MESA VAZIA

Fotografia da minha autoria



- Título sugerido pela Marisa Vitoriano -


A minha rotina, nas últimas semanas, assumiu um caráter mecanizado, repetitivo. Ligo o computador, coloco a chávena de chá na base de madeira e sento-me a escrever. Quer dizer, sento-me para o tentar fazer, porque a secretária está de frente para a janela e eu perco mais tempo a unir as linhas do cortinado do vizinho do que a encadear os pensamentos para a tese.
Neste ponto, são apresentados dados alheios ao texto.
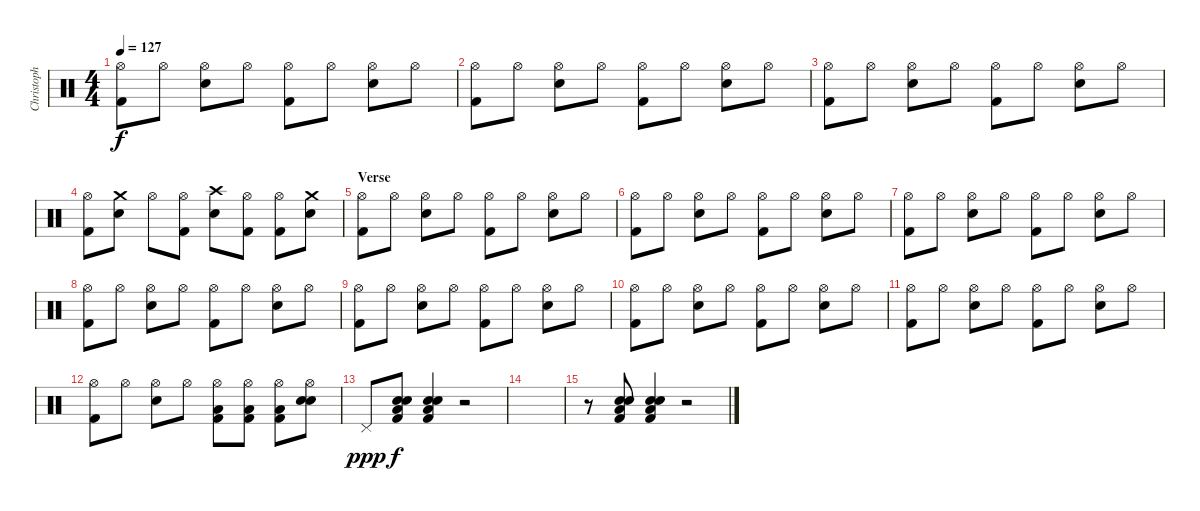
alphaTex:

\track ("Christoph Doom Schneider - Drums" "Christoph ") {instrument percussion}
\staff {score}
\articulation defaults
\ts (4 4)
\tempo 127
\clef neutral
\ks c
("Hi-Hat (open)" "Kick (hit) 2").8{dy f} "Hi-Hat (open)".8 ("Hi-Hat (open)" "Electric Snare (hit)").8 "Hi-Hat (open)".8 ("Hi-Hat (open)" "Kick (hit) 2").8 "Hi-Hat (open)".8 ("Hi-Hat (open)" "Electric Snare (hit)").8 "Hi-Hat (open)".8 |
("Hi-Hat (open)" "Kick (hit) 2").8 "Hi-Hat (open)".8 ("Hi-Hat (open)" "Electric Snare (hit)").8 "Hi-Hat (open)".8 ("Hi-Hat (open)" "Kick (hit) 2").8 "Hi-Hat (open)".8 ("Hi-Hat (open)" "Electric Snare (hit)").8 "Hi-Hat (open)".8 |
("Hi-Hat (open)" "Kick (hit) 2").8 "Hi-Hat (open)".8 ("Hi-Hat (open)" "Electric Snare (hit)").8 "Hi-Hat (open)".8 ("Hi-Hat (open)" "Kick (hit) 2").8 "Hi-Hat (open)".8 ("Hi-Hat (open)" "Electric Snare (hit)").8 "Hi-Hat (open)".8 |
("Hi-Hat (open)" "Kick (hit) 2").8 ("Crash medium (hit)" "Electric Snare (hit)").8 "Hi-Hat (open)".8 ("Hi-Hat (open)" "Kick (hit) 2").8 ("Crash high (hit)" "Electric Snare (hit)").8 ("Hi-Hat (open)" "Kick (hit) 2").8 ("Hi-Hat (open)" "Kick (hit) 2").8 ("Crash medium (hit)" "Electric Snare (hit)").8 |
\section ("" "Verse")
("Hi-Hat (open)" "Kick (hit) 2").8 "Hi-Hat (open)".8 ("Hi-Hat (open)" "Electric Snare (hit)").8 "Hi-Hat (open)".8 ("Hi-Hat (open)" "Kick (hit) 2").8 "Hi-Hat (open)".8 ("Hi-Hat (open)" "Electric Snare (hit)").8 "Hi-Hat (open)".8 |
("Hi-Hat (open)" "Kick (hit) 2").8 "Hi-Hat (open)".8 ("Hi-Hat (open)" "Electric Snare (hit)").8 "Hi-Hat (open)".8 ("Hi-Hat (open)" "Kick (hit) 2").8 "Hi-Hat (open)".8 ("Hi-Hat (open)" "Electric Snare (hit)").8 "Hi-Hat (open)".8 |
("Hi-Hat (open)" "Kick (hit) 2").8 "Hi-Hat (open)".8 ("Hi-Hat (open)" "Electric Snare (hit)").8 "Hi-Hat (open)".8 ("Hi-Hat (open)" "Kick (hit) 2").8 "Hi-Hat (open)".8 ("Hi-Hat (open)" "Electric Snare (hit)").8 "Hi-Hat (open)".8 |
("Hi-Hat (open)" "Kick (hit) 2").8 "Hi-Hat (open)".8 ("Hi-Hat (open)" "Electric Snare (hit)").8 "Hi-Hat (open)".8 ("Hi-Hat (open)" "Kick (hit) 2").8 "Hi-Hat (open)".8 ("Hi-Hat (open)" "Electric Snare (hit)").8 "Hi-Hat (open)".8 |
("Hi-Hat (open)" "Kick (hit) 2").8 "Hi-Hat (open)".8 ("Hi-Hat (open)" "Electric Snare (hit)").8 "Hi-Hat (open)".8 ("Hi-Hat (open)" "Kick (hit) 2").8 "Hi-Hat (open)".8 ("Hi-Hat (open)" "Electric Snare (hit)").8 "Hi-Hat (open)".8 |
("Hi-Hat (open)" "Kick (hit) 2").8 "Hi-Hat (open)".8 ("Hi-Hat (open)" "Electric Snare (hit)").8 "Hi-Hat (open)".8 ("Hi-Hat (open)" "Kick (hit) 2").8 "Hi-Hat (open)".8 ("Hi-Hat (open)" "Electric Snare (hit)").8 "Hi-Hat (open)".8 |
("Hi-Hat (open)" "Kick (hit) 2").8 "Hi-Hat (open)".8 ("Hi-Hat (open)" "Electric Snare (hit)").8 "Hi-Hat (open)".8 ("Hi-Hat (open)" "Kick (hit) 2").8 "Hi-Hat (open)".8 ("Hi-Hat (open)" "Electric Snare (hit)").8 "Hi-Hat (open)".8 |
("Hi-Hat (open)" "Kick (hit) 2").8 "Hi-Hat (open)".8 ("Hi-Hat (open)" "Electric Snare (hit)").8 "Hi-Hat (open)".8 ("Hi-Hat (open)" "Low Floor Tom (hit)" "Kick (hit) 2").8 ("Hi-Hat (open)" "Low Floor Tom (hit)" "Kick (hit) 2").8 ("Hi-Hat (open)" "Low Floor Tom (hit)" "Kick (hit) 2").8 ("Hi-Hat (open)" "Electric Snare (hit)" "Electric Snare (hit)").8 |
"Pedal Hi-Hat (hit)".8{dy ppp} ("Electric Snare (hit)" "Kick (hit) 2" "Low Floor Tom (hit)" "Electric Snare (hit)").8{dy f} ("Electric Snare (hit)" "Kick (hit) 2" "Low Floor Tom (hit)" "Electric Snare (hit)").4 r.2 |
|
r.8 ("Electric Snare (hit)" "Kick (hit) 2" "Low Floor Tom (hit)" "Electric Snare (hit)").8 ("Electric Snare (hit)" "Kick (hit) 2" "Low Floor Tom (hit)" "Electric Snare (hit)").4 r.2

Terei tempo.

Vivo no primeiro andar, num apartamento partilhado por mais dois estudantes: ele, de Línguas e Culturas Estrangeiras, ela, de Gestão de Património. Eu sou de Letras e acho que isso se percebe pelo quanto divago nas palavras. Estou sozinha na maior parte das horas, porque somos de anos diferentes. Aliás, eles ainda agora chegaram ao meio universitário e eu estou quase a partir. Portanto, como já nem aulas tenho  o que os inveja sempre , fico circunscrita a estas quatro paredes. Isso basta-me, porque o espaço é grande e tenho o sossego da sala e a azáfama da rua para equilibrar os meus picos de humor. Quando necessito de uma pausa, fico só a olhar pela janela, a ver o mundo passar em hora de ponta.
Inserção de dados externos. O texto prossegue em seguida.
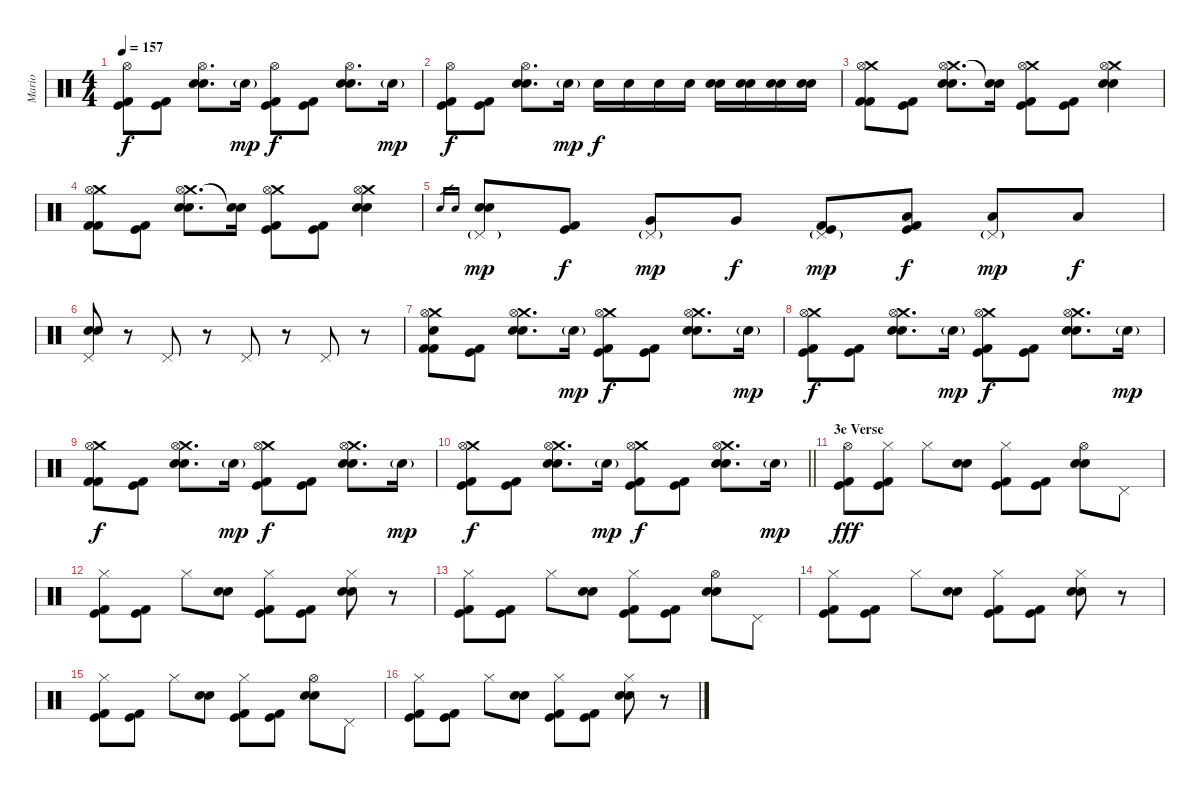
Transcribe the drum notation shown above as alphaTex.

\track ("Mario" "Mario") {instrument percussion}
\staff {score}
\articulation defaults
\ts (4 4)
\tempo 157
\clef neutral
\ks c
("Hi-Hat (open)" "Kick (hit)" "Kick (hit) 2").8{dy f} ("Kick (hit)" "Kick (hit) 2").8 ("Hi-Hat (open)" "Electric Snare (hit)" "Snare (hit) 2").8{d} "Snare (hit) 2"{g}.16{dy mp} ("Hi-Hat (open)" "Kick (hit)" "Kick (hit) 2").8{dy f} ("Kick (hit)" "Kick (hit) 2").8 ("Hi-Hat (open)" "Electric Snare (hit)" "Snare (hit) 2").8{d} "Snare (hit) 2"{g}.16{dy mp} |
("Hi-Hat (open)" "Kick (hit)" "Kick (hit) 2").8{dy f} ("Kick (hit)" "Kick (hit) 2").8 ("Hi-Hat (open)" "Electric Snare (hit)" "Snare (hit) 2").8{d} "Snare (hit) 2"{g}.16{dy mp} "Snare (hit) 2".16{dy f} "Snare (hit) 2".16 "Snare (hit) 2".16 "Snare (hit) 2".16 ("Electric Snare (hit)" "Snare (hit) 2").16 ("Electric Snare (hit)" "Snare (hit) 2").16 ("Electric Snare (hit)" "Snare (hit) 2").16 ("Electric Snare (hit)" "Snare (hit) 2").16 |
("Crash medium (hit)" "Hi-Hat (open)" "Kick (hit) 2" "Kick (hit) 2").8 ("Kick (hit)" "Kick (hit) 2").8 ("Crash medium (hit)" "Hi-Hat (open)" "Electric Snare (hit)" "Snare (hit) 2").8{d} ("Snare (hit)"{t} "Snare (hit)"{t}).16 ("Crash medium (hit)" "Hi-Hat (open)" "Kick (hit)" "Kick (hit) 2").8 ("Kick (hit)" "Kick (hit) 2").8 ("Crash medium (hit)" "Hi-Hat (open)" "Electric Snare (hit)" "Snare (hit) 2").4 |
("Crash medium (hit)" "Hi-Hat (open)" "Kick (hit) 2" "Kick (hit) 2").8 ("Kick (hit)" "Kick (hit) 2").8 ("Crash medium (hit)" "Hi-Hat (open)" "Electric Snare (hit)" "Snare (hit) 2").8{d} ("Snare (hit)"{t} "Snare (hit)"{t}).16 ("Crash medium (hit)" "Hi-Hat (open)" "Kick (hit)" "Kick (hit) 2").8 ("Kick (hit)" "Kick (hit) 2").8 ("Crash medium (hit)" "Hi-Hat (open)" "Electric Snare (hit)" "Snare (hit) 2").4 |
"Electric Snare (hit)".16{gr} "Snare (hit) 2".16{gr} ("Pedal Hi-Hat (hit)"{g} "Electric Snare (hit)" "Snare (hit) 2").8{dy mp} ("Kick (hit)" "Kick (hit) 2").8{dy f} ("Pedal Hi-Hat (hit)"{g} "Very Low Tom (hit)").8{dy mp} "Very Low Tom (hit)".8{dy f} ("Pedal Hi-Hat (hit)"{g} "Kick (hit)" "Kick (hit) 2").8{dy mp} ("Low Floor Tom (hit)" "Kick (hit)" "Kick (hit) 2").8{dy f} ("Pedal Hi-Hat (hit)"{g} "Low Floor Tom (hit)").8{dy mp} "Low Floor Tom (hit)".8{dy f} |
("Pedal Hi-Hat (hit)" "Electric Snare (hit)" "Snare (hit) 2").8 r.8 "Pedal Hi-Hat (hit)".8 r.8 "Pedal Hi-Hat (hit)".8 r.8 "Pedal Hi-Hat (hit)".8 r.8 |
("Crash medium (hit)" "Hi-Hat (open)" "Snare (hit) 2" "Kick (hit) 2" "Kick (hit) 2").8 ("Kick (hit)" "Kick (hit) 2").8 ("Crash medium (hit)" "Hi-Hat (open)" "Electric Snare (hit)" "Snare (hit) 2").8{d} "Snare (hit) 2"{g}.16{dy mp} ("Crash medium (hit)" "Hi-Hat (open)" "Kick (hit)" "Kick (hit) 2").8{dy f} ("Kick (hit)" "Kick (hit) 2").8 ("Crash medium (hit)" "Hi-Hat (open)" "Electric Snare (hit)" "Snare (hit) 2").8{d} "Snare (hit) 2"{g}.16{dy mp} |
("Crash medium (hit)" "Hi-Hat (open)" "Kick (hit)" "Kick (hit) 2").8{dy f} ("Kick (hit)" "Kick (hit) 2").8 ("Crash medium (hit)" "Hi-Hat (open)" "Electric Snare (hit)" "Snare (hit) 2").8{d} "Snare (hit) 2"{g}.16{dy mp} ("Crash medium (hit)" "Hi-Hat (open)" "Kick (hit)" "Kick (hit) 2").8{dy f} ("Kick (hit)" "Kick (hit) 2").8 ("Crash medium (hit)" "Hi-Hat (open)" "Electric Snare (hit)" "Snare (hit) 2").8{d} "Snare (hit) 2"{g}.16{dy mp} |
("Crash medium (hit)" "Hi-Hat (open)" "Kick (hit) 2" "Kick (hit) 2").8{dy f} ("Kick (hit)" "Kick (hit) 2").8 ("Crash medium (hit)" "Hi-Hat (open)" "Electric Snare (hit)" "Snare (hit) 2").8{d} "Snare (hit) 2"{g}.16{dy mp} ("Crash medium (hit)" "Hi-Hat (open)" "Kick (hit)" "Kick (hit) 2").8{dy f} ("Kick (hit)" "Kick (hit) 2").8 ("Crash medium (hit)" "Hi-Hat (open)" "Electric Snare (hit)" "Snare (hit) 2").8{d} "Snare (hit) 2"{g}.16{dy mp} |
\barLineRight lightlight
("Crash medium (hit)" "Hi-Hat (open)" "Kick (hit)" "Kick (hit) 2").8{dy f} ("Kick (hit)" "Kick (hit) 2").8 ("Crash medium (hit)" "Hi-Hat (open)" "Electric Snare (hit)" "Snare (hit) 2").8{d} "Snare (hit) 2"{g}.16{dy mp} ("Crash medium (hit)" "Hi-Hat (open)" "Kick (hit)" "Kick (hit) 2").8{dy f} ("Kick (hit)" "Kick (hit) 2").8 ("Crash medium (hit)" "Hi-Hat (open)" "Electric Snare (hit)" "Snare (hit) 2").8{d} "Snare (hit) 2"{g}.16{dy mp} |
\section ("" "3e Verse")
("Hi-Hat (open)" "Kick (hit)" "Kick (hit) 2").8{dy fff} ("Hi-Hat (closed)" "Kick (hit)" "Kick (hit) 2").8 "Hi-Hat (closed)".8 ("Electric Snare (hit)" "Snare (hit) 2").8 ("Hi-Hat (closed)" "Kick (hit)" "Kick (hit) 2").8 ("Kick (hit)" "Kick (hit) 2").8 ("Hi-Hat (open)" "Electric Snare (hit)" "Snare (hit) 2").8 "Pedal Hi-Hat (hit)".8 |
("Hi-Hat (closed)" "Kick (hit)" "Kick (hit) 2").8 ("Kick (hit)" "Kick (hit) 2").8 "Hi-Hat (closed)".8 ("Electric Snare (hit)" "Snare (hit) 2").8 ("Hi-Hat (closed)" "Kick (hit)" "Kick (hit) 2").8 ("Kick (hit)" "Kick (hit) 2").8 ("Hi-Hat (closed)" "Electric Snare (hit)" "Snare (hit) 2").8 r.8 |
("Hi-Hat (closed)" "Kick (hit)" "Kick (hit) 2").8 ("Kick (hit)" "Kick (hit) 2").8 "Hi-Hat (closed)".8 ("Electric Snare (hit)" "Snare (hit) 2").8 ("Hi-Hat (closed)" "Kick (hit)" "Kick (hit) 2").8 ("Kick (hit)" "Kick (hit) 2").8 ("Hi-Hat (open)" "Electric Snare (hit)" "Snare (hit) 2").8 "Pedal Hi-Hat (hit)".8 |
("Hi-Hat (closed)" "Kick (hit)" "Kick (hit) 2").8 ("Kick (hit)" "Kick (hit) 2").8 "Hi-Hat (closed)".8 ("Electric Snare (hit)" "Snare (hit) 2").8 ("Hi-Hat (closed)" "Kick (hit)" "Kick (hit) 2").8 ("Kick (hit)" "Kick (hit) 2").8 ("Hi-Hat (closed)" "Electric Snare (hit)" "Snare (hit) 2").8 r.8 |
("Hi-Hat (closed)" "Kick (hit)" "Kick (hit) 2").8 ("Kick (hit)" "Kick (hit) 2").8 "Hi-Hat (closed)".8 ("Electric Snare (hit)" "Snare (hit) 2").8 ("Hi-Hat (closed)" "Kick (hit)" "Kick (hit) 2").8 ("Kick (hit)" "Kick (hit) 2").8 ("Hi-Hat (open)" "Electric Snare (hit)" "Snare (hit) 2").8 "Pedal Hi-Hat (hit)".8 |
("Hi-Hat (closed)" "Kick (hit)" "Kick (hit) 2").8 ("Kick (hit)" "Kick (hit) 2").8 "Hi-Hat (closed)".8 ("Electric Snare (hit)" "Snare (hit) 2").8 ("Hi-Hat (closed)" "Kick (hit)" "Kick (hit) 2").8 ("Kick (hit)" "Kick (hit) 2").8 ("Hi-Hat (closed)" "Electric Snare (hit)" "Snare (hit) 2").8 r.8

Foi num desses momentos que comecei a reparar em algo peculiar. Ouço a voz do Castle em surdina e, caso isto fosse um dos seus episódios, o vizinho do prédio em frente, a julgar pelo secretismo, estaria envolvido em negócios obscuros. Não sei se estará, porque está cá há um mês, mas só esta semana é que vi a carrinha das mudanças, que tem vindo desde terça-feira  hoje é sábado. Sem saber explicar bem a razão, esta atividade tem-me interessado bastante. Inclusive, pensei oferecer-me para ajudar, mas talvez fosse intromissão a mais. Portanto, decidi ficar no meu lugar, a permitir que tudo siga o curso que tem de correr.
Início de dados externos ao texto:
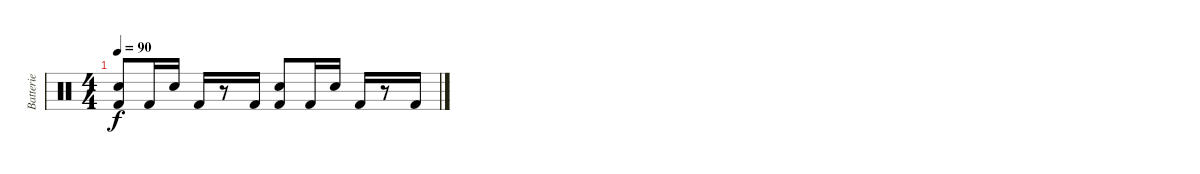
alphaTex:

\track ("Batterie" "Batterie") {instrument percussion}
\staff {score}
\articulation defaults
\ts (4 4)
\tempo 90
\clef neutral
\ks c
("Metronome (bell)" "Kick (hit) 2").8{dy f} "Kick (hit) 2".16 "Metronome (bell)".16 "Kick (hit) 2".16 r.8 "Kick (hit) 2".16 ("Metronome (bell)" "Kick (hit) 2").8 "Kick (hit) 2".16 "Metronome (bell)".16 "Kick (hit) 2".16 r.8 "Kick (hit) 2".16
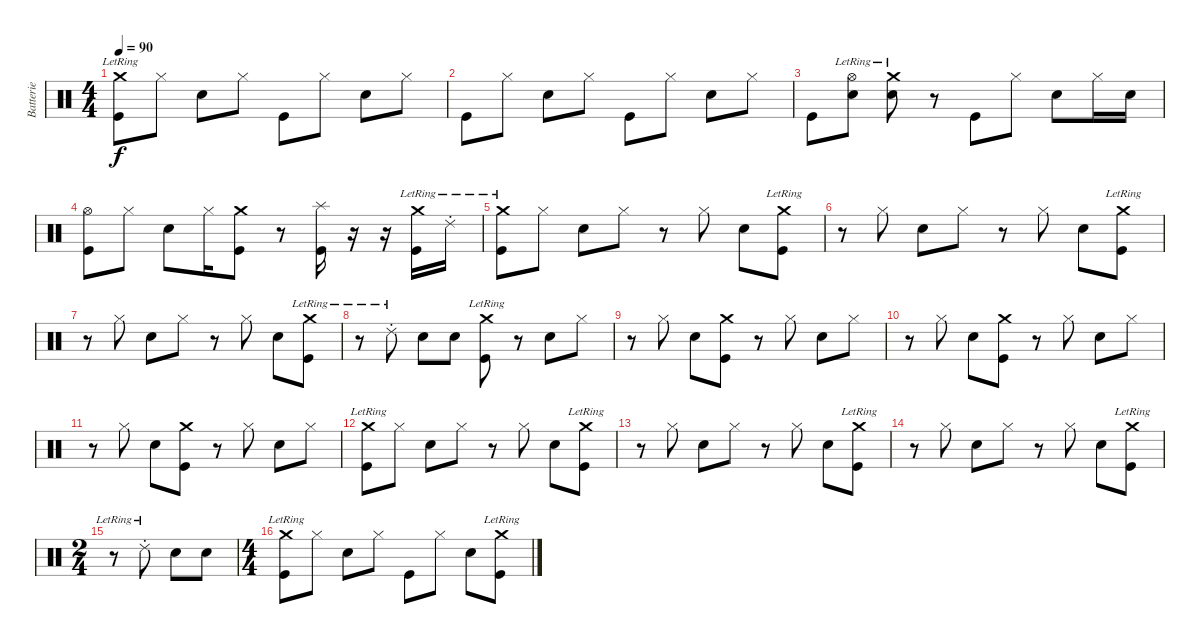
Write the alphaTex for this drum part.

\track ("Batterie" "Batterie") {instrument percussion}
\staff {score}
\articulation defaults
\ts (4 4)
\tempo 90
\clef neutral
\ks c
("Crash medium (hit)"{lr} "Kick (hit)").8{dy f} "Hi-Hat (closed)".8 "Metronome (bell)".8 "Hi-Hat (closed)".8 "Kick (hit)".8 "Hi-Hat (closed)".8 "Metronome (bell)".8 "Hi-Hat (closed)".8 |
"Kick (hit)".8 "Hi-Hat (closed)".8 "Metronome (bell)".8 "Hi-Hat (closed)".8 "Kick (hit)".8 "Hi-Hat (closed)".8 "Metronome (bell)".8 "Hi-Hat (closed)".8 |
"Kick (hit)".8 ("Metronome (bell)" "Hi-Hat (open)"{lr}).8 ("Metronome (bell)" "Crash medium (hit)"{lr}).8 r.8 "Kick (hit)".8 "Hi-Hat (closed)".8 "Metronome (bell)".8 "Hi-Hat (closed)".16 "Metronome (bell)".16 |
("Hi-Hat (open)" "Kick (hit)").8 "Hi-Hat (closed)".8 "Metronome (bell)".8 "Hi-Hat (closed)".16 ("Crash medium (hit)" "Kick (hit)").8 r.8 ("Splash (hit)" "Kick (hit)").16 r.16 r.16 ("Crash medium (hit)"{lr} "Kick (hit)").16 "Ride (choke) 2"{lr}.16 |
("Crash medium (hit)"{lr} "Kick (hit)").8 "Hi-Hat (closed)".8 "Metronome (bell)".8 "Hi-Hat (closed)".8 r.8 "Hi-Hat (closed)".8 "Metronome (bell)".8 ("Crash medium (hit)"{lr} "Kick (hit)").8 |
r.8 "Hi-Hat (closed)".8 "Metronome (bell)".8 "Hi-Hat (closed)".8 r.8 "Hi-Hat (closed)".8 "Metronome (bell)".8 ("Crash medium (hit)"{lr} "Kick (hit)").8 |
r.8 "Hi-Hat (closed)".8 "Metronome (bell)".8 "Hi-Hat (closed)".8 r.8 "Hi-Hat (closed)".8 "Metronome (bell)".8 ("Crash medium (hit)"{lr} "Kick (hit)").8 |
r.8 "Ride (choke) 2"{lr}.8 "Metronome (bell)".8 "Metronome (bell)".8 ("Crash medium (hit)"{lr} "Kick (hit)").8 r.8 "Metronome (bell)".8 "Hi-Hat (closed)".8 |
r.8 "Hi-Hat (closed)".8 "Metronome (bell)".8 ("Crash medium (hit)" "Kick (hit)").8 r.8 "Hi-Hat (closed)".8 "Metronome (bell)".8 "Hi-Hat (closed)".8 |
r.8 "Hi-Hat (closed)".8 "Metronome (bell)".8 ("Crash medium (hit)" "Kick (hit)").8 r.8 "Hi-Hat (closed)".8 "Metronome (bell)".8 "Hi-Hat (closed)".8 |
r.8 "Hi-Hat (closed)".8 "Metronome (bell)".8 ("Crash medium (hit)" "Kick (hit)").8 r.8 "Hi-Hat (closed)".8 "Metronome (bell)".8 "Hi-Hat (closed)".8 |
("Crash medium (hit)"{lr} "Kick (hit)").8 "Hi-Hat (closed)".8 "Metronome (bell)".8 "Hi-Hat (closed)".8 r.8 "Hi-Hat (closed)".8 "Metronome (bell)".8 ("Crash medium (hit)"{lr} "Kick (hit)").8 |
r.8 "Hi-Hat (closed)".8 "Metronome (bell)".8 "Hi-Hat (closed)".8 r.8 "Hi-Hat (closed)".8 "Metronome (bell)".8 ("Crash medium (hit)"{lr} "Kick (hit)").8 |
r.8 "Hi-Hat (closed)".8 "Metronome (bell)".8 "Hi-Hat (closed)".8 r.8 "Hi-Hat (closed)".8 "Metronome (bell)".8 ("Crash medium (hit)"{lr} "Kick (hit)").8 |
\ts (2 4)
r.8 "Ride (choke) 2"{lr}.8 "Metronome (bell)".8 "Metronome (bell)".8 |
\ts (4 4)
("Crash medium (hit)"{lr} "Kick (hit)").8 "Hi-Hat (closed)".8 "Metronome (bell)".8 "Hi-Hat (closed)".8 "Kick (hit)".8 "Hi-Hat (closed)".8 "Metronome (bell)".8 ("Crash medium (hit)"{lr} "Kick (hit)").8

Regresso à escrita e a noite vai caindo lentamente, como se a nossa linguagem fosse toda em câmara lenta. Com mais dois capítulos adiantados, recompenso-me com um café tirado em casa, porque sinto-me demasiado preguiçosa para sair. Sento-me no parapeito, resgato o livro da Patti Smith da pilha por ler e mergulho nas suas palavras, mas não por muito tempo: ali estava ele, o meu novo vizinho, alto, cabelo semi encaracolado, olhar taciturno e uma expressão pouco amigável. Naquele entra e sai todo, não pude deixar de reparar que as caixas se amontoavam pelo apartamento, mas a mesa da sala permanecia vazia. Isso talvez não fosse motivo de atenção, se não tivesse praguejado com o senhor das mudanças, quando colocou algo sobre o móvel. Pareceu-me uma reação despropositada, exagerada, mas notava-se um certo nervosismo na maneira como o vizinho se posicionava, como se movimentava: sempre atento, comprometido, ansioso para que o deixassem sozinho  acho que tenho de fazer uma pausa nos episódios de Castle.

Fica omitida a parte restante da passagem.